> [ABOUT THIS EXERCISE] Your output should be the line with "Also the pillar with roof beam [795,0,841,167]." plus all following lines to the end of the records, exactly as written and nothing more.

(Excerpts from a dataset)

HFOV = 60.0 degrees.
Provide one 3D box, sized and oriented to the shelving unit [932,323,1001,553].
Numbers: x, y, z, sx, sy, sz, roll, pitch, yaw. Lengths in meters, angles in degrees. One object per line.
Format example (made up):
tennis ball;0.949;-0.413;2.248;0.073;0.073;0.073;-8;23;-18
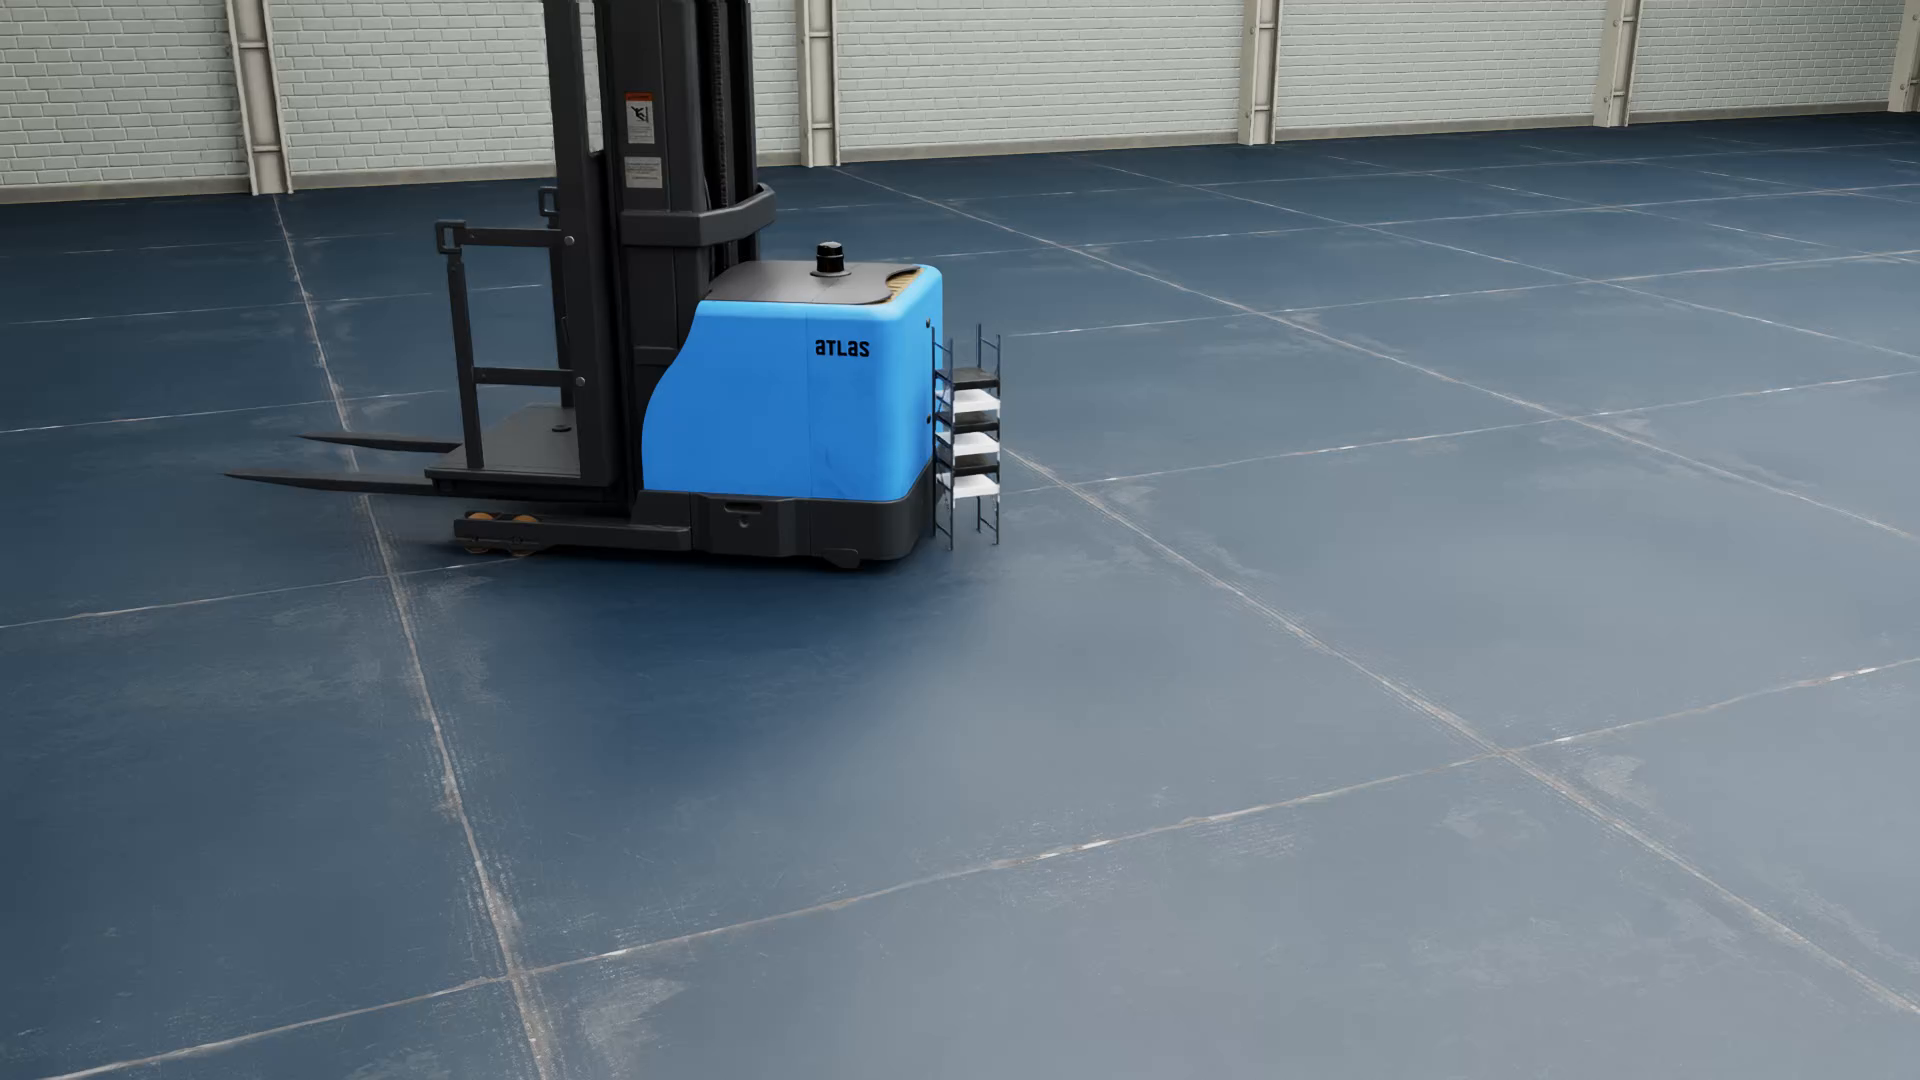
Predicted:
shelving unit;0.025;-0.420;6.858;0.210;0.900;0.258;-7;21;-19

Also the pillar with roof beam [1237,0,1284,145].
pillar with roof beam;5.575;-8.125;16.549;0.400;9.000;9.100;-8;21;-22

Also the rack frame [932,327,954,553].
rack frame;-0.071;-0.408;6.825;0.006;0.900;0.240;-7;21;-19

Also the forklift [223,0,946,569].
forklift;-1.628;-1.483;6.821;3.031;2.935;1.130;3;20;9

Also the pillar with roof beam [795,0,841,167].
pillar with roof beam;0.066;-7.336;14.307;0.400;9.000;9.100;-8;21;-22

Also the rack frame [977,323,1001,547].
rack frame;0.120;-0.431;6.892;0.006;0.900;0.240;-7;21;-19

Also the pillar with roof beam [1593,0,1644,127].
pillar with roof beam;11.085;-8.914;18.790;0.400;9.000;9.100;-8;21;-22

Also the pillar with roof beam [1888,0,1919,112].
pillar with roof beam;16.594;-9.704;21.032;0.400;9.000;9.100;-8;21;-22

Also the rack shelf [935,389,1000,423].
rack shelf;0.025;-0.558;6.810;0.200;0.077;0.258;-7;21;-19

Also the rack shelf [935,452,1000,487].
rack shelf;0.025;-0.303;6.899;0.200;0.077;0.258;-7;21;-19

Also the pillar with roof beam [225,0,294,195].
pillar with roof beam;-5.443;-6.546;12.065;0.400;9.000;9.100;-8;21;-22

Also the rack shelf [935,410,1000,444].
rack shelf;0.025;-0.473;6.840;0.200;0.077;0.258;-7;21;-19

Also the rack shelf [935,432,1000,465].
rack shelf;0.025;-0.388;6.870;0.200;0.077;0.258;-7;21;-19

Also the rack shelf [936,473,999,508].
rack shelf;0.025;-0.218;6.929;0.200;0.077;0.258;-7;21;-19

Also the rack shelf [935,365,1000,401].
rack shelf;0.025;-0.643;6.780;0.200;0.077;0.258;-7;21;-19

> [RESPONSE TO THE EXERCISE]
Also the pillar with roof beam [795,0,841,167].
pillar with roof beam;0.066;-7.336;14.307;0.400;9.000;9.100;-8;21;-22

Also the rack frame [977,323,1001,547].
rack frame;0.120;-0.431;6.892;0.006;0.900;0.240;-7;21;-19

Also the pillar with roof beam [1593,0,1644,127].
pillar with roof beam;11.085;-8.914;18.790;0.400;9.000;9.100;-8;21;-22

Also the pillar with roof beam [1888,0,1919,112].
pillar with roof beam;16.594;-9.704;21.032;0.400;9.000;9.100;-8;21;-22

Also the rack shelf [935,389,1000,423].
rack shelf;0.025;-0.558;6.810;0.200;0.077;0.258;-7;21;-19

Also the rack shelf [935,452,1000,487].
rack shelf;0.025;-0.303;6.899;0.200;0.077;0.258;-7;21;-19

Also the pillar with roof beam [225,0,294,195].
pillar with roof beam;-5.443;-6.546;12.065;0.400;9.000;9.100;-8;21;-22

Also the rack shelf [935,410,1000,444].
rack shelf;0.025;-0.473;6.840;0.200;0.077;0.258;-7;21;-19

Also the rack shelf [935,432,1000,465].
rack shelf;0.025;-0.388;6.870;0.200;0.077;0.258;-7;21;-19

Also the rack shelf [936,473,999,508].
rack shelf;0.025;-0.218;6.929;0.200;0.077;0.258;-7;21;-19

Also the rack shelf [935,365,1000,401].
rack shelf;0.025;-0.643;6.780;0.200;0.077;0.258;-7;21;-19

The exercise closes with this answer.